Выходит, забыли мы Христову заповедь, несмотря на демонстративное, во главе с руководителями страны, возвращение к православию? Впрочем, что говорить о нас, если пастыри православные сами наше прошлое хулят так, что лишь брызги летят с разгоряченных уст. Если уже договорились до реабилитации Власова, который встал на сторону страшнейшего врага, с которым воевали не на жизнь, а на смерть наши отцы и деды. Впрочем, это закономерно: если власовский триколор, 65 лет тому назад считавшийся символом предательства, на Параде Победы брошенный в числе вражеских знамен к мавзолею, теперь развевается над Кремлем, – то может ли быть иначе? А то, что священнослужители ни о Христовых заповедях, ни о приличиях, витийствуя на телеэкранах, видимо, совсем не вспоминают, как не вспоминают и о своем народе, который при «безбожном» строе плодился и размножался, а нынче мрет, словно от моровой язвы, так это объяснимо – слаб человек. В самом деле, Бог далеко, а власть со своими «государственными» оценками здесь, рядом.

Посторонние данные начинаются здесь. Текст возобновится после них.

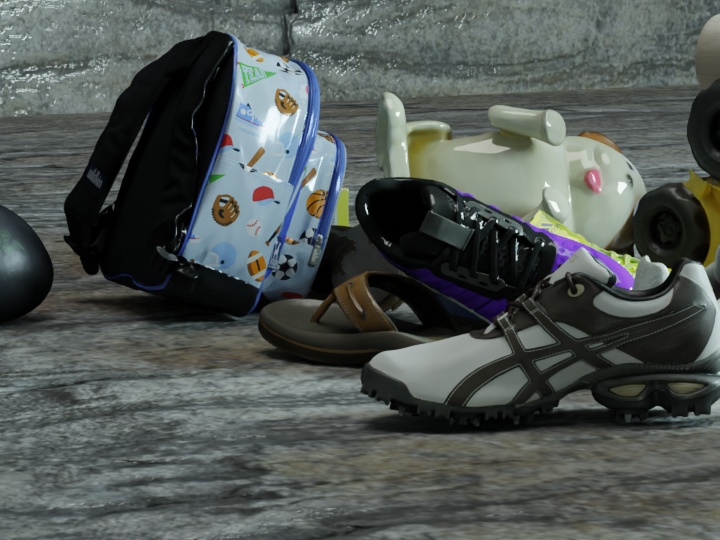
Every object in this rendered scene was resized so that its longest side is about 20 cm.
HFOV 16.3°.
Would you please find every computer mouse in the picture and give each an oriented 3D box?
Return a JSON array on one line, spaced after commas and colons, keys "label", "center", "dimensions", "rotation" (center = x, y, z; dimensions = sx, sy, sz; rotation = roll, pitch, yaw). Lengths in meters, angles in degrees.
[{"label": "computer mouse", "center": [-0.309, -0.019, 1.719], "dimensions": [0.200, 0.139, 0.053], "rotation": [11, -35, -1]}]

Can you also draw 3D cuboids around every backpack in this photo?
[{"label": "backpack", "center": [-0.096, -0.069, 1.773], "dimensions": [0.154, 0.191, 0.200], "rotation": [13, 0, -30]}]

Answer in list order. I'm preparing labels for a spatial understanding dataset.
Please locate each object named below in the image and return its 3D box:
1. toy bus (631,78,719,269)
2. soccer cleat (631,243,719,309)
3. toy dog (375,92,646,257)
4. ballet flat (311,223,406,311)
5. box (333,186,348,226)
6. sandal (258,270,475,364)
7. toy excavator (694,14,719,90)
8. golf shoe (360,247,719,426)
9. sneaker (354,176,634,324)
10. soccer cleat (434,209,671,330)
[{"label": "toy bus", "center": [0.298, -0.026, 1.625], "dimensions": [0.136, 0.200, 0.192], "rotation": [-10, 48, -45]}, {"label": "soccer cleat", "center": [0.246, 0.022, 1.444], "dimensions": [0.200, 0.086, 0.070], "rotation": [-4, 8, -21]}, {"label": "toy dog", "center": [0.115, -0.043, 1.865], "dimensions": [0.200, 0.140, 0.194], "rotation": [-3, -28, -6]}, {"label": "ballet flat", "center": [0.000, 0.000, 1.774], "dimensions": [0.046, 0.067, 0.200], "rotation": [31, -7, -21]}, {"label": "box", "center": [-0.066, -0.058, 2.192], "dimensions": [0.075, 0.050, 0.200], "rotation": [-3, 8, -14]}, {"label": "sandal", "center": [0.018, 0.029, 1.538], "dimensions": [0.082, 0.055, 0.200], "rotation": [-7, 10, -38]}, {"label": "toy excavator", "center": [0.305, -0.086, 1.801], "dimensions": [0.100, 0.200, 0.194], "rotation": [5, 10, 42]}, {"label": "golf shoe", "center": [0.098, 0.034, 1.361], "dimensions": [0.200, 0.095, 0.078], "rotation": [-3, 9, -3]}, {"label": "sneaker", "center": [0.074, -0.008, 1.532], "dimensions": [0.200, 0.070, 0.100], "rotation": [22, -8, 36]}, {"label": "soccer cleat", "center": [0.134, 0.004, 1.596], "dimensions": [0.200, 0.084, 0.065], "rotation": [2, 8, 22]}]
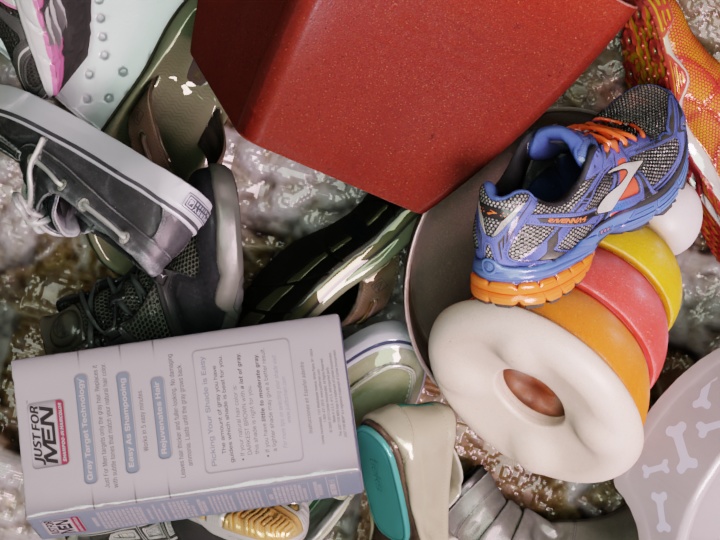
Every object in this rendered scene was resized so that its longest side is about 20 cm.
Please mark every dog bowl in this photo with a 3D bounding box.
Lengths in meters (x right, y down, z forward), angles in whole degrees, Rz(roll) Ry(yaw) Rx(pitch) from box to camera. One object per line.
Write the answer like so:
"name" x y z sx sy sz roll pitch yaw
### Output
"dog bowl" 0.245 0.140 1.616 0.200 0.059 0.201 -20 126 -30

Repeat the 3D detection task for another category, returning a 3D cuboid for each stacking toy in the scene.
"stacking toy" 0.146 0.017 1.583 0.146 0.146 0.200 42 59 -7

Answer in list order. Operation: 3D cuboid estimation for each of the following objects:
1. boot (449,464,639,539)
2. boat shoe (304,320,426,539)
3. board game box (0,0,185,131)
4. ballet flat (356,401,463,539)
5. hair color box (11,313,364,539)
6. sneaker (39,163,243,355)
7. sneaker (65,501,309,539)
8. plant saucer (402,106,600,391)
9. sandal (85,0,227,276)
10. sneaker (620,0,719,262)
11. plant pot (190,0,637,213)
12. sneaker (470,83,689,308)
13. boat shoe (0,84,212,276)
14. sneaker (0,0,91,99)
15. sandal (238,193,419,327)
"boot" 0.117 0.171 1.677 0.131 0.068 0.200 44 96 -1
"boat shoe" -0.017 0.121 1.644 0.072 0.062 0.200 21 117 -28
"board game box" -0.168 -0.219 1.623 0.200 0.026 0.200 40 98 -7
"ballet flat" 0.038 0.165 1.627 0.069 0.070 0.201 -2 124 0
"hair color box" -0.103 0.094 1.554 0.199 0.061 0.099 -8 72 0
"sneaker" -0.134 0.019 1.605 0.114 0.076 0.200 5 130 -16
"sneaker" -0.111 0.161 1.642 0.200 0.076 0.088 12 115 37
"plant saucer" 0.103 -0.009 1.618 0.200 0.032 0.201 -14 116 -31
"sandal" -0.116 -0.084 1.614 0.080 0.057 0.201 16 110 -27
"sneaker" 0.226 -0.092 1.635 0.077 0.073 0.200 -32 104 -16
"plant pot" 0.008 -0.155 1.531 0.199 0.200 0.177 22 109 -28
"sneaker" 0.133 -0.058 1.526 0.075 0.200 0.079 13 131 32
"boat shoe" -0.176 -0.051 1.569 0.199 0.074 0.068 29 79 32
"sneaker" -0.230 -0.200 1.582 0.086 0.080 0.201 -11 105 22
"sandal" 0.001 0.000 1.634 0.201 0.080 0.057 -37 116 6

Потому и не вспоминают практически никогда ни служители церкви, ни политические деятели, ни работники пера и экрана о том, что Сталина называли Отцом народа. Не все, скажут, называли. Не все, но подавляющее большинство, причем абсолютно искренне.

Кажется, никто из современных «идеологов» и «политологов», захвативших «ящик», не задается вопросом: за что же так любили деспота, вампира и тирана, что после его смерти рыдала вся страна? А ведь народное горе невозможно сыграть или изобразить. Можно заставить себя бояться, можно заставить даже уважать, но нельзя заставить себя любить. Причем даже телевизора не было в то время, чтобы часами нагнетать соответствующее моменту настроение. А вот потом ТВ появилось и на всю катушку использовалось в этом смысле, но ни по Хрущеву, ни по Брежневу почему-то никто не рыдал. Совсем напротив, крестились с облегчением. Правда, к Леониду Ильичу ни ненависти, ни злобных чувств, в отличие от Хрущева, народ не испытывал, просто смотреть на превратившегося в дряхлую развалину руководителя великой еще в то время страны стало уже невмоготу.

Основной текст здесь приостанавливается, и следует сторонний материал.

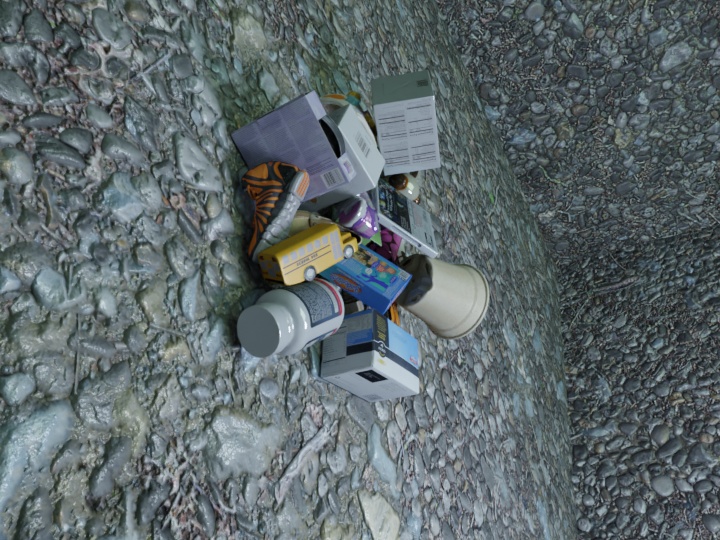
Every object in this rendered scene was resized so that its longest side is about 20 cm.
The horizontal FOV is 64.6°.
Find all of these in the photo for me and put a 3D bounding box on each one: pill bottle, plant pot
[{"bbox_3d":[-0.125,0.086,1.028,0.200,0.119,0.120,-17,91,-62],"label":"pill bottle"},{"bbox_3d":[0.179,0.050,1.392,0.183,0.200,0.201,24,53,-40],"label":"plant pot"}]

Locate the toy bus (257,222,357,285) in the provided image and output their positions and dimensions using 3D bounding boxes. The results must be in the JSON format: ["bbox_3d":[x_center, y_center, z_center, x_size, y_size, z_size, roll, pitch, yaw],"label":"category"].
[{"bbox_3d":[-0.095,-0.034,1.088,0.200,0.065,0.078,-31,117,-40],"label":"toy bus"}]

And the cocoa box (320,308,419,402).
[{"bbox_3d":[0.024,0.187,1.227,0.200,0.133,0.131,39,43,-47],"label":"cocoa box"}]

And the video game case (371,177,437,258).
[{"bbox_3d":[0.102,-0.132,1.371,0.182,0.023,0.200,32,29,-21],"label":"video game case"}]

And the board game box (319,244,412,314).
[{"bbox_3d":[0.000,0.000,1.260,0.200,0.045,0.152,33,30,9],"label":"board game box"}]

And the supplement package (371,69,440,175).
[{"bbox_3d":[0.116,-0.376,1.456,0.152,0.150,0.200,-91,171,-48],"label":"supplement package"}]

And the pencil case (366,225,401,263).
[{"bbox_3d":[0.063,-0.089,1.507,0.200,0.094,0.091,-67,173,-52],"label":"pencil case"}]

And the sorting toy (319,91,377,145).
[{"bbox_3d":[-0.007,-0.357,1.429,0.200,0.107,0.180,58,3,-26],"label":"sorting toy"}]

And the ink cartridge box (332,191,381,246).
[{"bbox_3d":[-0.010,-0.128,1.352,0.104,0.059,0.200,33,33,-27],"label":"ink cartridge box"}]

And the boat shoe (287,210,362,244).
[{"bbox_3d":[-0.087,-0.083,1.185,0.200,0.064,0.071,4,97,-37],"label":"boat shoe"}]

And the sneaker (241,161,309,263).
[{"bbox_3d":[-0.186,-0.116,1.085,0.200,0.112,0.078,-64,165,-10],"label":"sneaker"}]

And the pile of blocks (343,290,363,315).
[{"bbox_3d":[0.001,0.036,1.343,0.082,0.062,0.200,38,44,-47],"label":"pile of blocks"}]

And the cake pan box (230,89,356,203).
[{"bbox_3d":[-0.128,-0.227,1.109,0.184,0.200,0.052,60,30,-19],"label":"cake pan box"}]

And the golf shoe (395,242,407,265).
[{"bbox_3d":[0.119,-0.012,1.557,0.077,0.088,0.200,34,46,-48],"label":"golf shoe"}]

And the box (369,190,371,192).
[{"bbox_3d":[0.001,-0.213,1.457,0.200,0.082,0.049,56,33,-29],"label":"box"}]

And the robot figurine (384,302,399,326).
[{"bbox_3d":[0.056,0.087,1.400,0.145,0.058,0.200,46,35,-70],"label":"robot figurine"}]

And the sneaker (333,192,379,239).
[{"bbox_3d":[-0.002,-0.130,1.233,0.088,0.080,0.200,39,21,-25],"label":"sneaker"}]

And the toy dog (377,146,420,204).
[{"bbox_3d":[0.110,-0.246,1.565,0.200,0.194,0.140,-89,157,-47],"label":"toy dog"}]

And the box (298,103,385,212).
[{"bbox_3d":[-0.077,-0.228,1.200,0.152,0.200,0.106,56,33,-29],"label":"box"}]
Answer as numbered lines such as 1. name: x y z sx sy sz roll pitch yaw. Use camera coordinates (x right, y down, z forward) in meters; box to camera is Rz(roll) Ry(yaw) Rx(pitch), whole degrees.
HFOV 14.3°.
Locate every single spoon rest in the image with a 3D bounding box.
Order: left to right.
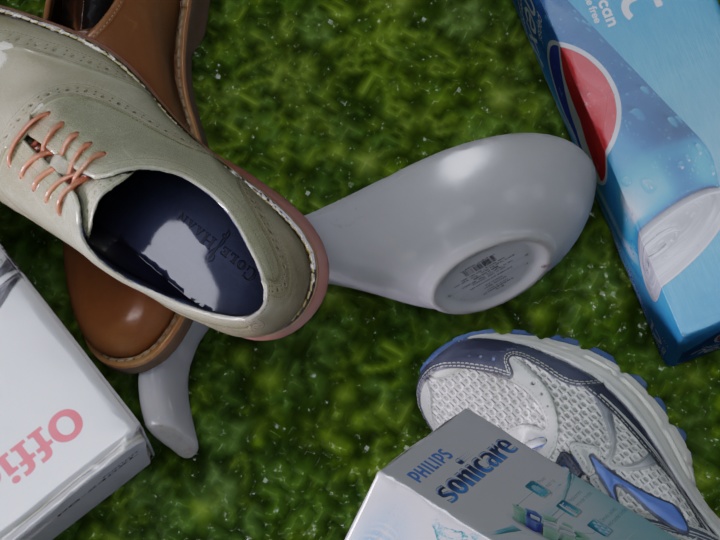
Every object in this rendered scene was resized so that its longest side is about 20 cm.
1. spoon rest: 0.000 0.000 1.121 0.200 0.099 0.061 -28 61 7

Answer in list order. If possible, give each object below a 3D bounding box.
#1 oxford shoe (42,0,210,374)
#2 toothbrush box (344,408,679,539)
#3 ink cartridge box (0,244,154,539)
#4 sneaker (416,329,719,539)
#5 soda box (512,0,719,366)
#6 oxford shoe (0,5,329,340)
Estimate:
1. oxford shoe: -0.101 -0.059 1.129 0.071 0.071 0.200 -11 72 28
2. toothbrush box: 0.075 0.167 1.014 0.200 0.085 0.147 33 114 14
3. ink cartridge box: -0.196 0.037 1.111 0.145 0.083 0.200 -38 80 -8
4. sneaker: 0.094 0.102 1.080 0.200 0.077 0.085 42 37 10
5. soda box: 0.117 -0.069 1.143 0.068 0.064 0.200 -21 77 -4
6. oxford shoe: -0.101 -0.043 1.061 0.200 0.074 0.071 30 96 7
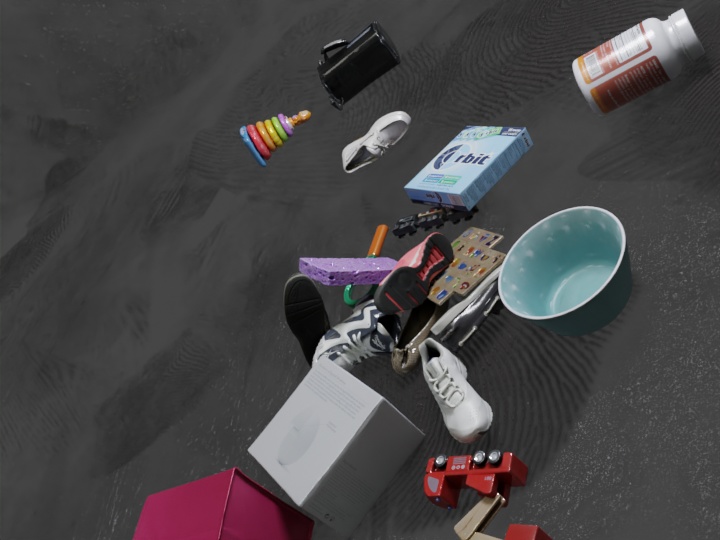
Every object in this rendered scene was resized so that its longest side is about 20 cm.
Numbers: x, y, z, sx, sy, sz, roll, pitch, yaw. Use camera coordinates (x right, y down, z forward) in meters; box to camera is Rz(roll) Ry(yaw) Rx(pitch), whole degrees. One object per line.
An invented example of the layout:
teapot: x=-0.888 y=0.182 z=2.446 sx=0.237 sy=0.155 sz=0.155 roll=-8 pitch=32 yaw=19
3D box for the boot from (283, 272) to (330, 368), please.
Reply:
boot: x=-0.104 y=0.070 z=1.544 sx=0.073 sy=0.204 sz=0.154 roll=-18 pitch=29 yaw=-3

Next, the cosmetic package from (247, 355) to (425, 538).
cosmetic package: x=-0.040 y=0.272 z=1.304 sx=0.200 sy=0.123 sz=0.199 roll=-52 pitch=33 yaw=-8

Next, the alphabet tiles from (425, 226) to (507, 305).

А вот на Сталина смотрели по-другому. Помню, что во времена моего раннего детства во многих домах висели его портреты, иногда даже среди семейных фотографий, которые украшали тогда переднюю стенку деревенских изб. Портреты, конечно, громко сказано – обычно это были вырезанные из газет или журналов его небольшие снимки. (Потом, после пресловутого XX съезда, а особенно после снятия Хрущева они перекочевали на лобовые стекла машин – так еще вполне молодые и полные в те времена сил фронтовики молча, но настойчиво требовали от власти восстановить попранную Хрущевым историческую справедливость. Но не дождались.) Мало кому почему-то приходило в голову поместить среди семейных фотографий фото Ленина, тем более руководителей, пришедших после Сталина, а вот его портреты висели повсеместно. Чеканные черты строгого лица с красивыми усами. Да, это было лицо Отца, строгого, даже сурового, жесткого, порой, может быть, и несправедливого – ведь не Бог же он, а человек, который тоже ошибается.

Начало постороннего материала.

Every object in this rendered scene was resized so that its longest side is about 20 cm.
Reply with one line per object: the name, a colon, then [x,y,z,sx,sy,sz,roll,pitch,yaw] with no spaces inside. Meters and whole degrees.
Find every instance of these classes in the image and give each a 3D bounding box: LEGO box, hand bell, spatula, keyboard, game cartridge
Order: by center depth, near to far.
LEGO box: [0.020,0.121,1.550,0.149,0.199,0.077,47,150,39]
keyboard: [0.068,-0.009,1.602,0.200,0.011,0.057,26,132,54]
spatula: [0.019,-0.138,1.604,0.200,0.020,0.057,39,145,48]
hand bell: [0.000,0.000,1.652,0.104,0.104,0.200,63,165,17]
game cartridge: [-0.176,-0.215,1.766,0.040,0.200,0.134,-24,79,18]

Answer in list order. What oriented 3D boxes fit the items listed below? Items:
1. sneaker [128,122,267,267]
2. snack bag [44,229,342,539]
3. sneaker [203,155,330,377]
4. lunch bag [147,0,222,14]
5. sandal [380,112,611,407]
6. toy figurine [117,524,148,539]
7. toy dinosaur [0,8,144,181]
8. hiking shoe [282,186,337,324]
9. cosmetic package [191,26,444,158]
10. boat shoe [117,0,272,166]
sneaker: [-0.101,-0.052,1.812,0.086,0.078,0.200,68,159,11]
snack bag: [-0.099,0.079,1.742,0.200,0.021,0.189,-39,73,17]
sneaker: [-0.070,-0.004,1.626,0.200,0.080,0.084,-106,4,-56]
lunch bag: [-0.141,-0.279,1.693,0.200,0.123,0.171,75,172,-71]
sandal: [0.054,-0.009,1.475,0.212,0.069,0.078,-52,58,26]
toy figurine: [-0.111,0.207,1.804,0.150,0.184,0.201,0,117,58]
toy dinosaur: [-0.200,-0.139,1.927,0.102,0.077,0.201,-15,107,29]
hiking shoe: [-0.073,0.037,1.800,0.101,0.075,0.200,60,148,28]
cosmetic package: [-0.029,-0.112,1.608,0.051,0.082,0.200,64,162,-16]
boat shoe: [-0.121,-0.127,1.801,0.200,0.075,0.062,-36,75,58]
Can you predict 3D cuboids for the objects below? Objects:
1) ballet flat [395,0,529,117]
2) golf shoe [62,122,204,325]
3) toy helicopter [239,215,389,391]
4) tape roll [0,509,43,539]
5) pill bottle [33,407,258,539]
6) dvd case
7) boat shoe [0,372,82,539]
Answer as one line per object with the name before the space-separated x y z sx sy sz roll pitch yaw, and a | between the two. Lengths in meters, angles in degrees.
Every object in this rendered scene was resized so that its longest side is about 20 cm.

Но от него исходила надежность и сила. С ним были не страшны никакие несчастья и невзгоды, никакие трудности. Напротив – была твердая уверенность, что с ним мы не пропадем: с ним мы выйдем из любой передряги, он не выдаст, не сдаст страну никакому врагу, не «сольет» за дружеское похлопывание по плечу или гамбургеры никакому новоявленному «другу», он не уступит ни пяди территории, ни грана нашего достояния. И никому не позволит такое сделать. За это – главное! – можно простить, забыть и несправедливость, и ошибки.

Мало того – у такого отца и дети должны быть его достойны. Должны быть на него похожи. Должны быть такими же сильными и волевыми. Помните: «Когда страна прикажет стать героем, у нас героем становится любой». И они становились героями – Стахановы, Ангелины, Чкаловы, Байдуковы. За ними появились другие – Талалихины, Матросовы, Космодемьянские… Они действительно верили, что им «…нет преград ни в море, ни на суше», что им «не страшны, ни льды, ни облака», что они рождены, «чтоб сказку сделать былью». И что жить надо по заповеди: «раньше думай о Родине, а потом о себе». Жить надо так, чтобы было за что умирать. Так и жили. И страна, поставленная на дыбы революцией, взнузданная Героями, пробежала за десять лет тот исторический промежуток, который другим покорялся за сто, а потом одержала победу в страшнейшей битве против сил всей соединенной Европы, за пятилетку восстановилась из разрухи и стала одной из двух сверхдержав мира, достигнув пика своего исторического развития.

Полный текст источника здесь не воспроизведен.